“Google can bring you back 100,000 answers. A librarian can bring you back the right one.” ― Neil Gaiman
Read by Una - Nice light read. Would be good for a Home Library Service customer. Follows four English World War 2 brides marrying US soldiers. Deals with their adjustments to their new lives and circumstances in America.
Read by Angela B - Unimpressive, poorly written, with short pointless chapters and an uninteresting storyline. (but blue cover ticked on our staff reading bingo! :P)
Read by Angela B - Sad, inspiring, delightful. Made me laugh out loud in places. I couldn't put it down! Changed my view on refugees.
Read by Vincenza - I just loved it. The setting the quirky, stylized characters straight out of a Baz Luhrmann story. My favourite person was the policeman.
Read by Tiffany - Great continuation of the story from Steelheart, but there are references to a major fight in the intervening time which seems to have been e-published only, which is mildly irritating but not story breaking.
So funny, still playing with David's lack of metaphor / simile skill. Great dialogue, action aplenty, double crossing, heroes and villains.
Read by Tiffany - A well told story with a character as its central touchpoint who dies in the first chapter .. as we skip from pre to post apocalypse and back we discover the threads between our other characters and why they are the people they are..
Read by Marguerite - Hugely educational reading experience on global economics and dealing futures. Begins with his recruitment and the tension of the Goldman Sachs recruitment process. Proceeds through Smith's rise in the firm until he cannot handle the hypocrisy any longer. Efficient use of prose and Smith's genuine personality shines. Couldn't put it down.
Read by Marguerite - 20 short stories set in Western Australia. Bleaker than I normally read. Resonant of time of life and human impulses to connect. Winton's writing is wonderfully non-judgemental. Very impressive.
Read by Tiffany - Disturbing in so many ways.
Norton Perina is the most abhorrent main character I have read through. From the beginning he is arrogant and self-absorbed.
Perina is obviously gay, describing a male colleague in glowing terms (proceeding to erotic dreams), whilst a female colleague is described in misogynistic and repulsive terms .. everything about her disgusts him.
Discovering the lost tribe sodomises boys on coming of age, he states that both this knowledge and his colleagues shocked reactions show how social lines are drawn by collective decision, not moral absolute .. but he never harks back to this later, and the distinction is never drawn between homosexuality and paedophilia which made me very unhappy.
As the story proceeds into Perina's 60s, he admits a little fallibility, mostly of the 'my mistake was trying to do good' variety.
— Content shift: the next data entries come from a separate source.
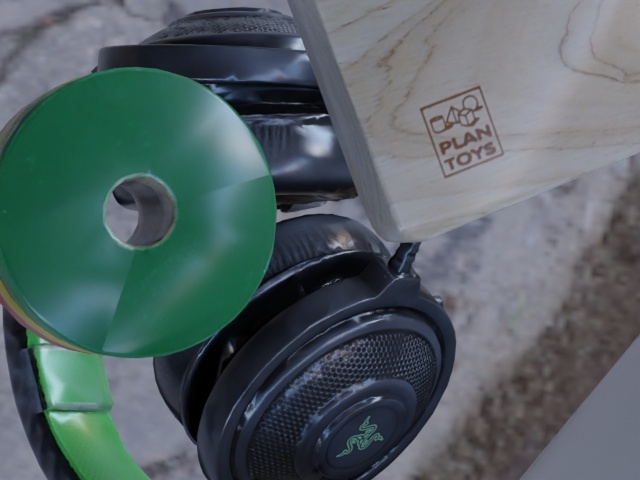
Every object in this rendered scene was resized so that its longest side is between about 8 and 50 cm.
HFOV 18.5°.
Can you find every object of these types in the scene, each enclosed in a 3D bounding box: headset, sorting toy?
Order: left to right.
[{"bbox_3d":[0.000,0.000,0.917,0.185,0.394,0.243,0,66,-42],"label":"headset"},{"bbox_3d":[0.050,-0.086,0.356,0.274,0.046,0.132,-22,95,-18],"label":"sorting toy"}]

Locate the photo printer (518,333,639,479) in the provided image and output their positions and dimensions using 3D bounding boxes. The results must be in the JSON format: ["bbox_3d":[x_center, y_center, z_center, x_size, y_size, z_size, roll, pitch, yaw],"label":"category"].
[{"bbox_3d":[0.171,0.200,1.025,0.107,0.256,0.307,22,123,-20],"label":"photo printer"}]
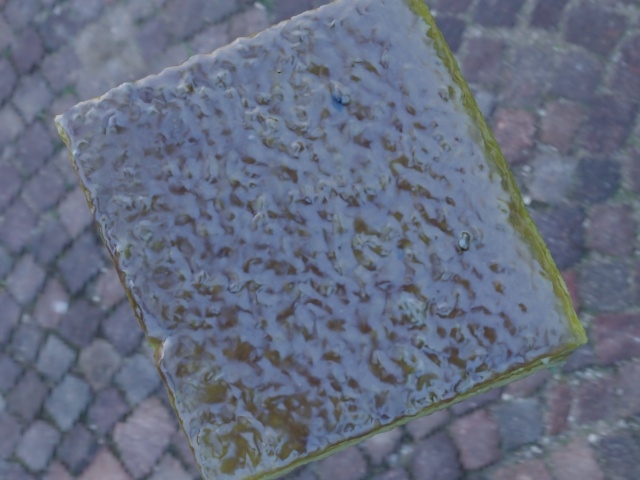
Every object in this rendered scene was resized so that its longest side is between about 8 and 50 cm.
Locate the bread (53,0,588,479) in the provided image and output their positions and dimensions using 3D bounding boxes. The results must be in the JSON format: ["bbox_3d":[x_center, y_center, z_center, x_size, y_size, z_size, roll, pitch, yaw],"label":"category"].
[{"bbox_3d":[0.000,0.000,0.352,0.090,0.035,0.094,-23,79,-6],"label":"bread"}]
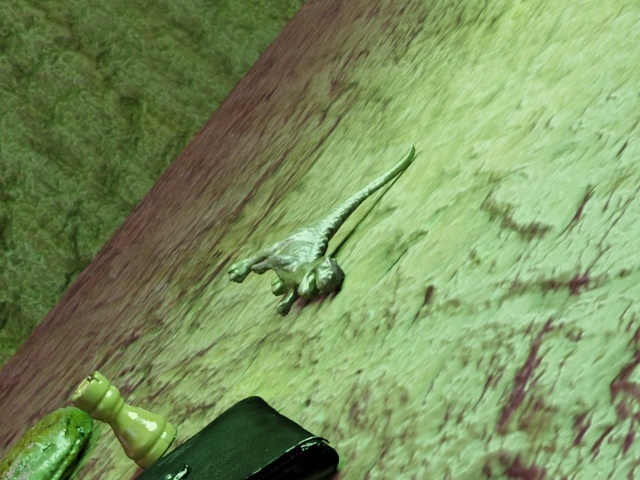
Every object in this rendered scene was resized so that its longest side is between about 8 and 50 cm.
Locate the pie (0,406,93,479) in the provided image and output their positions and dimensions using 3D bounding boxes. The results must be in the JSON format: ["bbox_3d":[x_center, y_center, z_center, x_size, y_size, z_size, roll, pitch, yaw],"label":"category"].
[{"bbox_3d":[-0.423,0.345,2.412,0.277,0.078,0.277,-48,6,7],"label":"pie"}]

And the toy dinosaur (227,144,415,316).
[{"bbox_3d":[0.002,0.004,1.997,0.199,0.072,0.251,-26,12,39],"label":"toy dinosaur"}]

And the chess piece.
[{"bbox_3d":[-0.235,0.210,2.015,0.066,0.122,0.066,-46,12,13],"label":"chess piece"}]

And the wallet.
[{"bbox_3d":[-0.093,0.212,1.586,0.172,0.045,0.318,-31,7,-9],"label":"wallet"}]

I kept reading trying to see where the book would go - was his conviction a mistake? Was his arrogence his downfall? Did he or didn't he?
(show spoiler)
Read by Marguerite - Spans 1910-1965 England. A bit twee with some quaint colloquialisms. Rhythm and flow of new lives well executed. Surprising amount of depth.
Read by Una - Based on a true story. Two women yearning for freedom, one a slave, one a white woman who owns her. Ended somewhat abruptly. Sad but great.
Read by Melissa - more substance and information than the movie with a different ending. Unsure whether I will read the second in the series as the storyline finished satisfactorily to me.
Read by Julieanne - Subtly written but draws you into the story of a family getting through every day life. Abruptly changed track to the parents of the mother and then parents of the father, which was a bit jarring. Like Maeve Binchy with substance. Anne Tyler's last novel and not her best (author of The Accidental Tourist).
Read by Julieanne - Hemmings is also author of The Descendents. The Possibilities has an idyllic setting in Colorado. The main character's son dies in an avalanche 3 months prior to the start of the book and she is dealing with her overwhelming grief and guilt. As life goes on both for her and around her, she discovers aspects of her son's life she didn't know. Hemming's writing is very descriptive and I was drawn in straight away from the first page.